> **HOW TO COMPLETE THIS TASK**: The answer must consist of every line from the entries that holds the word "cuboid".

> **DATASET CONTENT**:
*** Begin section ***

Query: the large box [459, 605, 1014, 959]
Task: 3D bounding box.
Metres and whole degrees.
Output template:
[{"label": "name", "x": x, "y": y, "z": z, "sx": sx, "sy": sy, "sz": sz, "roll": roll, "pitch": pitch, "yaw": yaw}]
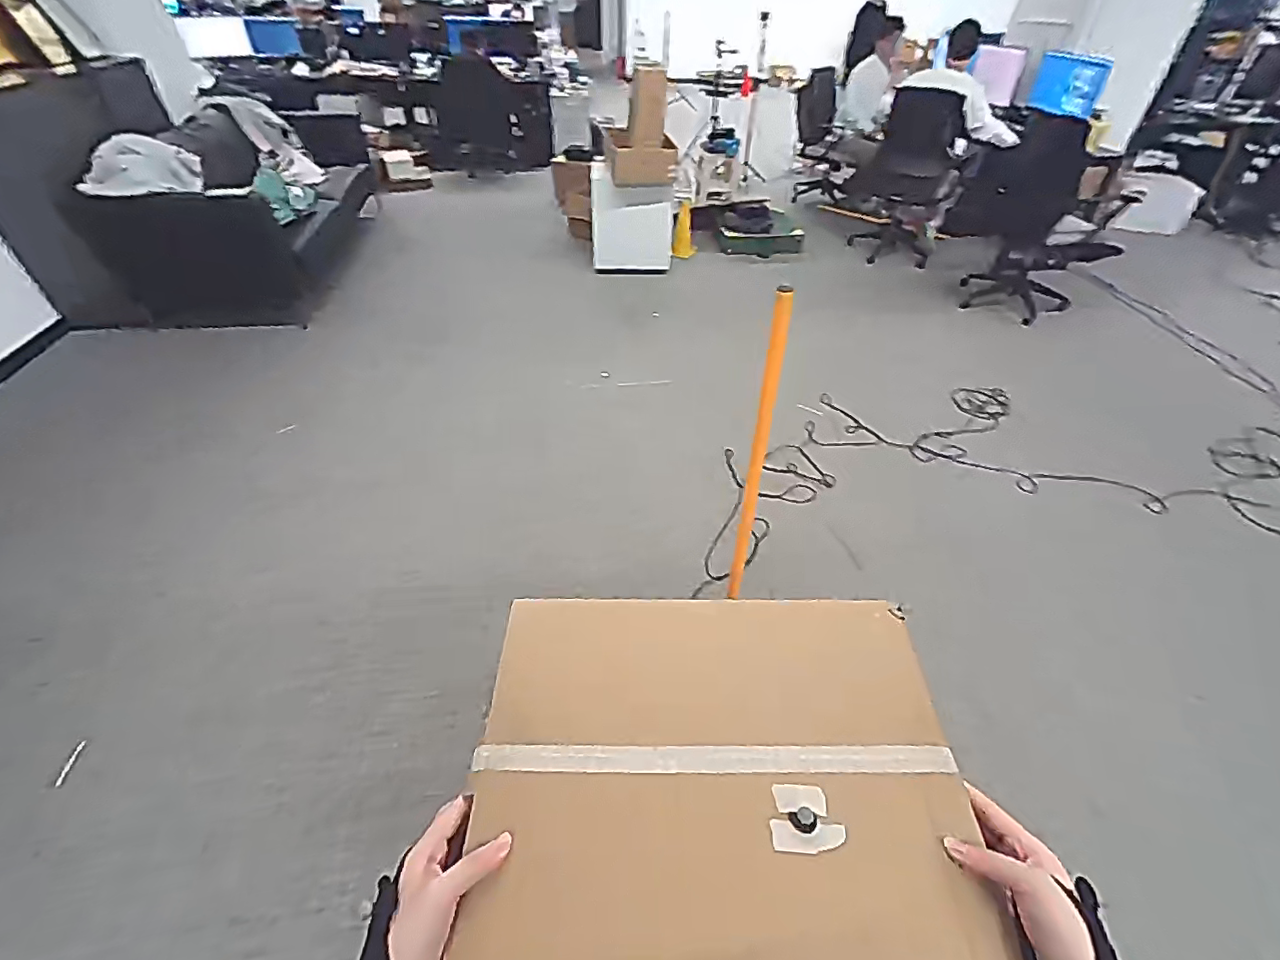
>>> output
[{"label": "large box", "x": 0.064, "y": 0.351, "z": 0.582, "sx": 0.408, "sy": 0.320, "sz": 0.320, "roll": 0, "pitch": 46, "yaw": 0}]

*** End section ***
*** Begin section ***

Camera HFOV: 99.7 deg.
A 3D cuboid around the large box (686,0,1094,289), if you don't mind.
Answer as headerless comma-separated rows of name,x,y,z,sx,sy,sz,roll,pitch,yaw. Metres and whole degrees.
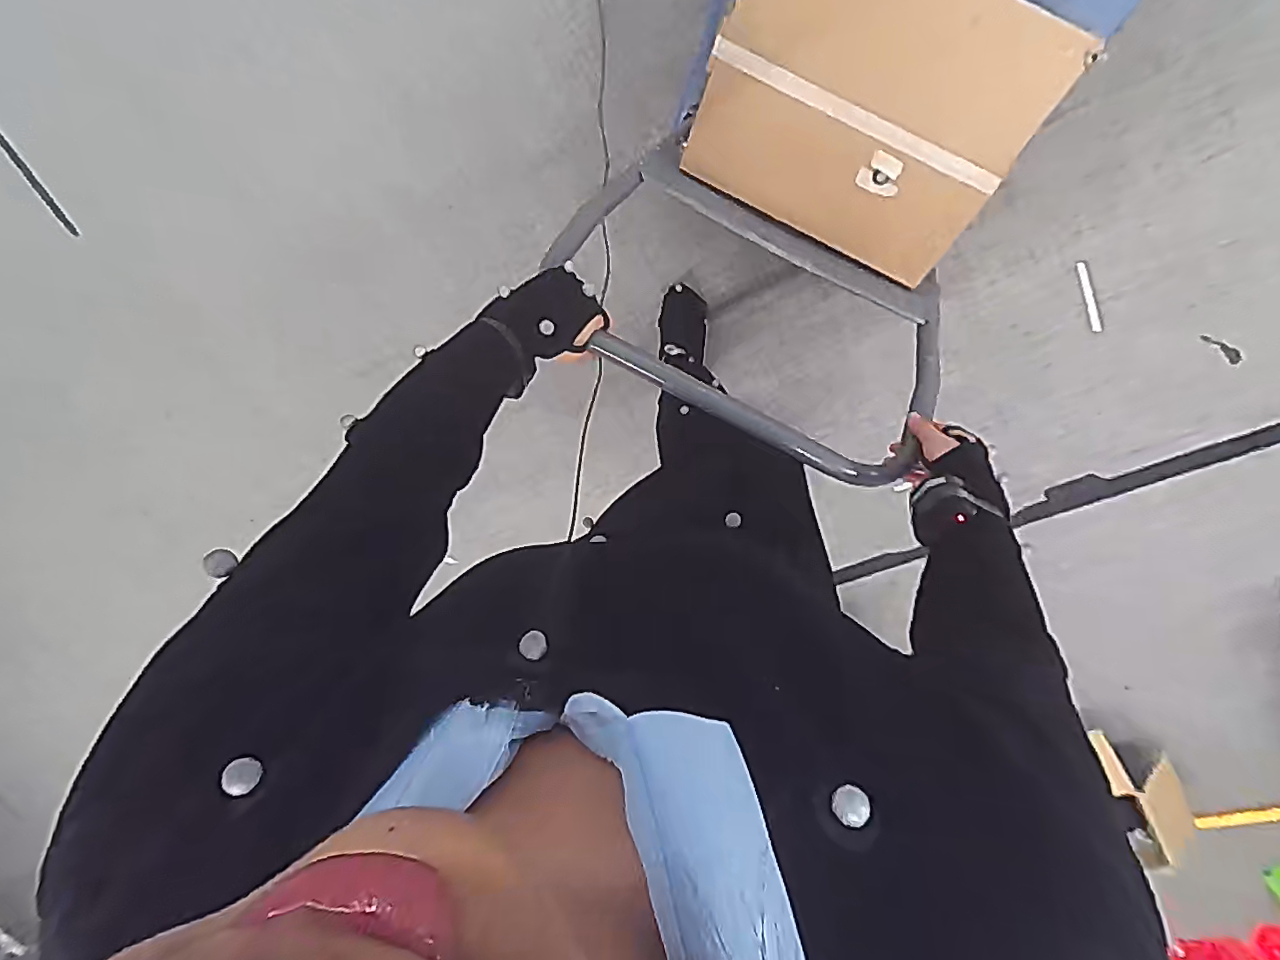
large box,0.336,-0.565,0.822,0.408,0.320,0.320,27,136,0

*** End section ***
*** Begin section ***

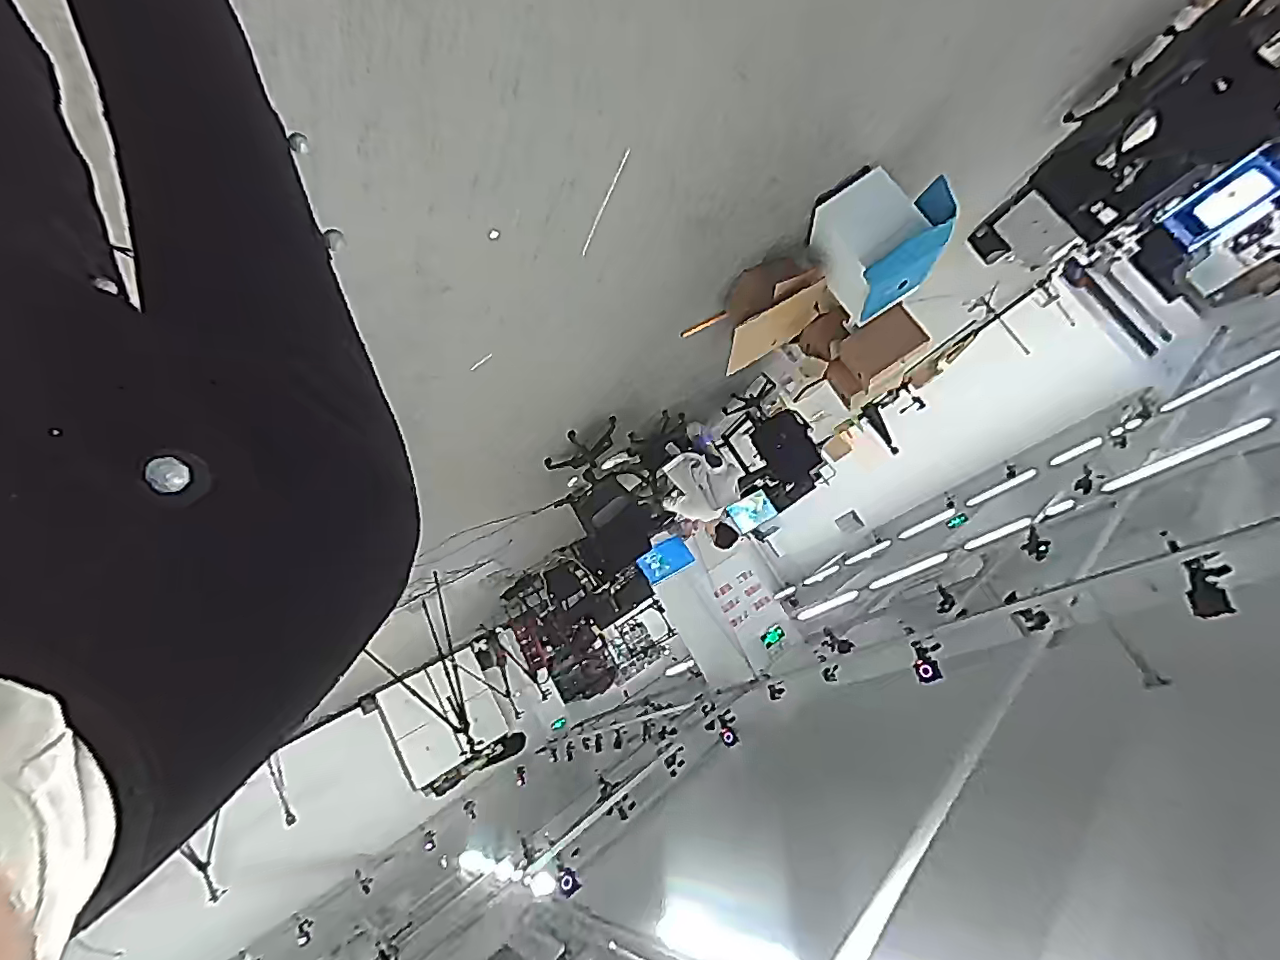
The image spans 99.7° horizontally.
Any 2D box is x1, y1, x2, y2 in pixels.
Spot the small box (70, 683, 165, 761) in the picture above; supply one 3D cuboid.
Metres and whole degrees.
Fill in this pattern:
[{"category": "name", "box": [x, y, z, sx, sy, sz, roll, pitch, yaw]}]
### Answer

*** End section ***

> **TASK SOLUTION**:
A 3D cuboid around the large box (686,0,1094,289), if you don't mind.
Spot the small box (70, 683, 165, 761) in the picture above; supply one 3D cuboid.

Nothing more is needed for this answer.